Advanced RISC Computing (ARC) is a specification promulgated by a defunct consortium of computer manufacturers (the Advanced Computing Environment project), setting forth a standard MIPS RISC-based computer hardware and firmware environment. The firmware on Alpha machines that are compatible with ARC is known as AlphaBIOS, non-ARC firmware on Alpha is known as SRM.

History 
Although ACE went defunct, and no computer was ever manufactured which fully complied with the ARC standard, the ARC system has a widespread legacy in that all operating systems in the Windows NT family use ARC conventions for naming boot devices. SGI's modified version of the ARC firmware is named ARCS. All SGI computers which run IRIX 6.1 or later, such as the Indy and Octane, boot from an ARCS console, which uses the same drive naming conventions as Windows. Most of the various RISC-based computers designed to run Windows NT have versions of the ARC boot console to boot NT. These include the following:
 MIPS R4000-based systems such as the MIPS Magnum workstation
 all Alpha-based machines with a PCI bus designed prior to the end of support for Windows NT Alpha in September 1999 (the Alpha ARC firmware is also known as AlphaBIOS; non-ARC Alphas use SRM console instead)
 most Windows NT-capable PowerPC computers (such as the IBM RS/6000 40P).

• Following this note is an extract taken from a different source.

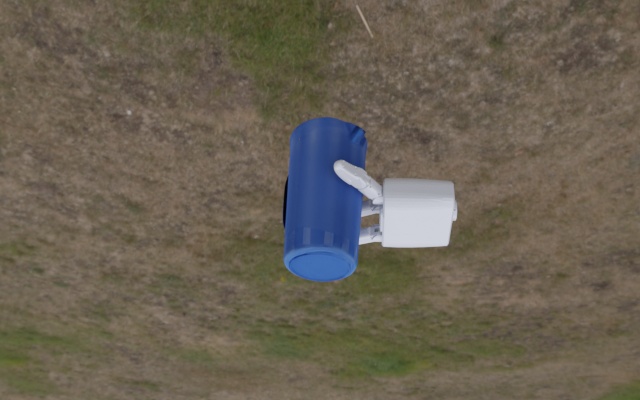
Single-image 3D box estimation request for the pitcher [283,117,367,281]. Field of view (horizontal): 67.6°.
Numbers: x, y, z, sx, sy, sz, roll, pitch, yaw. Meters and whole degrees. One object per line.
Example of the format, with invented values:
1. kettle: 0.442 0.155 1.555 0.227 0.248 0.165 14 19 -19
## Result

It was predicted that Intel IA-32-based computers would adopt the ARC console, although only SGI ever marketed such machines with ARC firmware (namely, the SGI Visual Workstation series, which launched in 1999).

Comparison with UEFI 
Compared to UEFI, the ARC firmware also included support for FAT, boot variables, C-calling interface. It did not include the same level of extensibility as UEFI and the same level of governance like with the UEFI Forum.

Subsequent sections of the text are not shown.